The Offers are conditioned on the satisfaction of certain customary conditions, as described in the Offer to Purchase. In particular, Citi must receive tenders of Income Notes in the aggregate principal amount of at least $15,180,000 (the “Minimum Tender Condition”). The Offers are not conditioned on financing.
Tenders of Senior Notes will only be accepted in minimum denominations of $500,000 and integral multiples of $1,000 in excess thereof; Tenders of Income Notes will be accepted in any denominations.
Citi is a current owner of $11,500,000 aggregate principal amount of Income Notes, but does not believe that it is an “affiliate” of the Issuer within the meaning of the Securities Act of 1933, as amended.
Prior to the Withdrawal Deadline, Citi has the right to terminate or withdraw the Offers if the conditions described in the Offer to Purchase are not satisfied or waived, including failure to satisfy the Minimum Tender Condition or any other condition to the Offers, subject to applicable law.
Global Bondholder Services Corporation is the Information Agent and Depositary for the Offers. Questions regarding the Offers should be directed to Citi, attention John Clements, Managing Director, Structured Credit Group at (212) 723-6173 (collect). Requests for documentation should be directed to Global Bondholder Services Corporation at (212) 430-3774 (for banks and brokers only) or (866) 294-2200 (for all others toll-free). This announcement is for informational purposes only. This announcement is not an offer to purchase or a solicitation of an offer to purchase with respect to any Notes. The Offers are being made solely pursuant to the Offer to Purchase and related documents. The Offers are not being made to holders of Notes in any jurisdiction in which the making or acceptance thereof would not be in compliance with the securities, blue sky or other laws of such jurisdiction.

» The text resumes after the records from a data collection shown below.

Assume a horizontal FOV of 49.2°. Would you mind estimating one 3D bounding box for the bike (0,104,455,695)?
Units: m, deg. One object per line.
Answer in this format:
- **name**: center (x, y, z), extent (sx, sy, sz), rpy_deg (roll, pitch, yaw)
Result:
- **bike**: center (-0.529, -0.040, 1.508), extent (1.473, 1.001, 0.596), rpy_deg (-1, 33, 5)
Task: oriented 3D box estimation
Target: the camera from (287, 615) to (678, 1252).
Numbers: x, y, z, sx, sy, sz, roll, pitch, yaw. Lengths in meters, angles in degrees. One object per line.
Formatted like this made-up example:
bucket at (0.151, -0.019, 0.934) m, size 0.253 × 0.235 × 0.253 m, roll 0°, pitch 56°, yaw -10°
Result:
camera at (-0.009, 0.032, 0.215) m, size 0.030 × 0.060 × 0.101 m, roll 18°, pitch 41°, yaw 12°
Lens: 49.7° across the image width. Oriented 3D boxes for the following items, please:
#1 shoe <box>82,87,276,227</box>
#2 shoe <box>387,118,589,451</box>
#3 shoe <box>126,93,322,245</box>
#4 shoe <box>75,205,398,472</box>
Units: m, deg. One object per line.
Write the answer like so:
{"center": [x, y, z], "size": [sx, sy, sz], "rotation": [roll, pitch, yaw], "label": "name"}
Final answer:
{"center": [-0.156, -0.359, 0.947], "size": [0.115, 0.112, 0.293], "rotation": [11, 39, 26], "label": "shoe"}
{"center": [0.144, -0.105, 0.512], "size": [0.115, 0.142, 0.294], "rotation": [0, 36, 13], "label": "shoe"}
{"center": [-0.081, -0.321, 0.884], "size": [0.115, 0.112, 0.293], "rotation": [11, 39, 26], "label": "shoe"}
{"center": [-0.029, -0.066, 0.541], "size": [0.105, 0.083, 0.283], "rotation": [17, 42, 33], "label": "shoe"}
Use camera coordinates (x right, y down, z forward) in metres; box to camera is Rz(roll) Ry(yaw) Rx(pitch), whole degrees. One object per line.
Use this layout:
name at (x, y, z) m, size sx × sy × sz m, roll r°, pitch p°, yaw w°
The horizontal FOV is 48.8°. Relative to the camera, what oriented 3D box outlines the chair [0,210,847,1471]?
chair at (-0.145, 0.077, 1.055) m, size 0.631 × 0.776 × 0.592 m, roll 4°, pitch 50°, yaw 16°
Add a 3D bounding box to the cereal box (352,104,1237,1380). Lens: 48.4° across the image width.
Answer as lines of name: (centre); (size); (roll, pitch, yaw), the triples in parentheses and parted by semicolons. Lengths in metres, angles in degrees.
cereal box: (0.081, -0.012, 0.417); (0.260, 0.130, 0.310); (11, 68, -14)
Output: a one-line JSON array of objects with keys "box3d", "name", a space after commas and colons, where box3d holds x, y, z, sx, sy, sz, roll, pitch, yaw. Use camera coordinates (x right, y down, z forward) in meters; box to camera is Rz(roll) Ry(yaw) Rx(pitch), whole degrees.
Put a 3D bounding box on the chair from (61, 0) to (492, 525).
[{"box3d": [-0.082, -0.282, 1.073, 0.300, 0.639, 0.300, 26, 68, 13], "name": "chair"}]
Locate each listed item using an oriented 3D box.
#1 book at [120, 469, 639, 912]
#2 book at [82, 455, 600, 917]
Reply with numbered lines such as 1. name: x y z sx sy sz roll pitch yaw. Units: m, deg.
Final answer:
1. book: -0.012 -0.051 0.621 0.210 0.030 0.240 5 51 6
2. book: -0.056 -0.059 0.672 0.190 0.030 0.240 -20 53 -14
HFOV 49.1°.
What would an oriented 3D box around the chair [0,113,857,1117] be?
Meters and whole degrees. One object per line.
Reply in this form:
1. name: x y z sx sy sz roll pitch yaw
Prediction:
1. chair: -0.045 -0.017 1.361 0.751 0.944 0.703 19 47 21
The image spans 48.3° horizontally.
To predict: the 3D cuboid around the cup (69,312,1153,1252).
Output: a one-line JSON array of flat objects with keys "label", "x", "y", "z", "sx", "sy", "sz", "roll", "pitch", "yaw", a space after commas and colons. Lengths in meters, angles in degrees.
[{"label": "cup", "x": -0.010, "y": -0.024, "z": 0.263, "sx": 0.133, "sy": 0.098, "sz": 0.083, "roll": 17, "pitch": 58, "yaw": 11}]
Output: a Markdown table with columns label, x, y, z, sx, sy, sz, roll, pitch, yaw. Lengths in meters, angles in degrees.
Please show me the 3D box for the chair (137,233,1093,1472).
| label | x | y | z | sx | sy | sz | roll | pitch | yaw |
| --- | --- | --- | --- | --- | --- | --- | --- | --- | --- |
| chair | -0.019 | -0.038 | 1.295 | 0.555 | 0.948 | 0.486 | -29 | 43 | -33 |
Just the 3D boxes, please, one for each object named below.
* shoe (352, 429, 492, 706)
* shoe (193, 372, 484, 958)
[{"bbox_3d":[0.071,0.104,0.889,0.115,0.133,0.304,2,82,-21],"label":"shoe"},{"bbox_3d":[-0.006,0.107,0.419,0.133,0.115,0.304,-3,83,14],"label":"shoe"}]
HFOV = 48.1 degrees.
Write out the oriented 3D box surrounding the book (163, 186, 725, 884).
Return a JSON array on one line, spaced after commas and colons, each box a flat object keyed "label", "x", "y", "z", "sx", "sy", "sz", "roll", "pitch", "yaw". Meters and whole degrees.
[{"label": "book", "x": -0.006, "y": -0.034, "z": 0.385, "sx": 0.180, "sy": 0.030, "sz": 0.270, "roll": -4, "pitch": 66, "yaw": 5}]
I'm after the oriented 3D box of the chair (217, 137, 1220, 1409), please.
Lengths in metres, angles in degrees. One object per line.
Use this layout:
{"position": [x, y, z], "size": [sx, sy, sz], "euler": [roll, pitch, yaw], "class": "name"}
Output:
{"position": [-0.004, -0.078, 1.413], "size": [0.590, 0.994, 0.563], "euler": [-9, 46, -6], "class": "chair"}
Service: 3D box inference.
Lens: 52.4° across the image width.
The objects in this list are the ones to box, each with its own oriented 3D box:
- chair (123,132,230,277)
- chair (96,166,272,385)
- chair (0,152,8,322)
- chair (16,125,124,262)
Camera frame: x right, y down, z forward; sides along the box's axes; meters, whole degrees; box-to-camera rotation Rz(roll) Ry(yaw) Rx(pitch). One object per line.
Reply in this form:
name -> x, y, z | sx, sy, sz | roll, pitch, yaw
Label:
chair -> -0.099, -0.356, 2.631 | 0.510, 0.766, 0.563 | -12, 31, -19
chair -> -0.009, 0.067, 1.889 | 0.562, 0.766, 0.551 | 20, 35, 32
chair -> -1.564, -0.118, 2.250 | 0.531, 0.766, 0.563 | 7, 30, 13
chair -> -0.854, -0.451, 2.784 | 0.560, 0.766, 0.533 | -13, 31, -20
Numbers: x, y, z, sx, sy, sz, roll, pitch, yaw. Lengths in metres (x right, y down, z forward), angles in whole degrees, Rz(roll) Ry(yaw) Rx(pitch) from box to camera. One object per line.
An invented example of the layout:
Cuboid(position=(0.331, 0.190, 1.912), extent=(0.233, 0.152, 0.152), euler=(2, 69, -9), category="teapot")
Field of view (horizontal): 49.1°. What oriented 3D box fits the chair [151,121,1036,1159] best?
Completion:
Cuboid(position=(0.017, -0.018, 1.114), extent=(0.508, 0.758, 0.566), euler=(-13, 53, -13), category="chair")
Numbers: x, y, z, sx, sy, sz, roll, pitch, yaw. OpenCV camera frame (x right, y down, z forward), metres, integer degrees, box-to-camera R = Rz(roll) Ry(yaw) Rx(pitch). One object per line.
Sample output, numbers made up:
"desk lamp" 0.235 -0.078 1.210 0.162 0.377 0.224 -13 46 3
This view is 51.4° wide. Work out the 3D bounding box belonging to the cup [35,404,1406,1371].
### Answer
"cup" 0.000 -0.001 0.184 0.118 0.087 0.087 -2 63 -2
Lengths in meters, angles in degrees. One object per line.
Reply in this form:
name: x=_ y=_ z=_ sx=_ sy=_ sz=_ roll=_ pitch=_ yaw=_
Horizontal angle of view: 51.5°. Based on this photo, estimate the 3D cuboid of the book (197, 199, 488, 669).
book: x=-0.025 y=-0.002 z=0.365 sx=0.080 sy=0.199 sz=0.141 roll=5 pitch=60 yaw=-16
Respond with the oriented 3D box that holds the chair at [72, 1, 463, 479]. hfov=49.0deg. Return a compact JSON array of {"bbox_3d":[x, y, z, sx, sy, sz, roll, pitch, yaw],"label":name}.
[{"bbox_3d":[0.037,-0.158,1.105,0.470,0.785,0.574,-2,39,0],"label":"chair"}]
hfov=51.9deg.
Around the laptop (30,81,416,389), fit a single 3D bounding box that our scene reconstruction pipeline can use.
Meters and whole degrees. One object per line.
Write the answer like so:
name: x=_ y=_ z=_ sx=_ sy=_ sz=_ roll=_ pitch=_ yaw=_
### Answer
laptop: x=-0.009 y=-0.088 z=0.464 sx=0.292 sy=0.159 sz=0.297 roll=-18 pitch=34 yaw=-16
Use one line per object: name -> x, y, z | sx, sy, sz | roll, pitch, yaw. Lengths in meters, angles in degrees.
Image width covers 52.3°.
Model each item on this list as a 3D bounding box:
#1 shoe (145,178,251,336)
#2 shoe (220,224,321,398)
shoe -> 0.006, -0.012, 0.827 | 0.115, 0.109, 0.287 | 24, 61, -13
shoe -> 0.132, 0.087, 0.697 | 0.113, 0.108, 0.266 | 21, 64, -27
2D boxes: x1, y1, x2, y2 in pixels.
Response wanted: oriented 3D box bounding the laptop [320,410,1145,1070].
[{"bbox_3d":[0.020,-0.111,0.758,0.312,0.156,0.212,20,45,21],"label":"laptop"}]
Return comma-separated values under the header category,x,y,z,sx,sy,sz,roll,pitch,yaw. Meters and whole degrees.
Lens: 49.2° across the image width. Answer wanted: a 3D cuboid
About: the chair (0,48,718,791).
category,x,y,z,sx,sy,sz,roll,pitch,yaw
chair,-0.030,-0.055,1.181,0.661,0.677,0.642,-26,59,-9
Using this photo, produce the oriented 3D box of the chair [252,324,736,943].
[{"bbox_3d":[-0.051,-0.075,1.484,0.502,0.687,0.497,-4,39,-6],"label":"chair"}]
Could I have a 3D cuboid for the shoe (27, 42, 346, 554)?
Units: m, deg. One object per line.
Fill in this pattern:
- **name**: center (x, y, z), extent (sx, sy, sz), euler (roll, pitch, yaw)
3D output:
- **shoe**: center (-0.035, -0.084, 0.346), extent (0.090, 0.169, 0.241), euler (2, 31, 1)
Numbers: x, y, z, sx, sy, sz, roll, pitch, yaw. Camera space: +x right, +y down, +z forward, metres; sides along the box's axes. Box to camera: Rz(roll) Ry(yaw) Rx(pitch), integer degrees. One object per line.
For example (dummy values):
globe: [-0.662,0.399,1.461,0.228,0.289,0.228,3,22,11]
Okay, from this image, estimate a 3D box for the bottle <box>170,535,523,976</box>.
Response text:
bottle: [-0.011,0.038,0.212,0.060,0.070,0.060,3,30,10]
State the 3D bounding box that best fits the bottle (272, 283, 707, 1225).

Citi, the leading global financial services company, has approximately 200 million customer accounts and does business in more than 160 countries and jurisdictions. Citi provides consumers, corporations, governments and institutions with a broad range of financial products and services, including consumer banking and credit, corporate and investment banking, securities brokerage, transaction services, and wealth management. Additional information may be found at www.citigroup.com.
1 The original principal amount of the Class A-1 Floating Rate Senior Notes Due 2019 outstanding was U.S. $23,000,000. The issues under CUSIP G16522AA5 and CUSIP 11765TAA6 have had a principal pay down; the Offer Consideration for these CUSIPs reflect consideration after such pay down.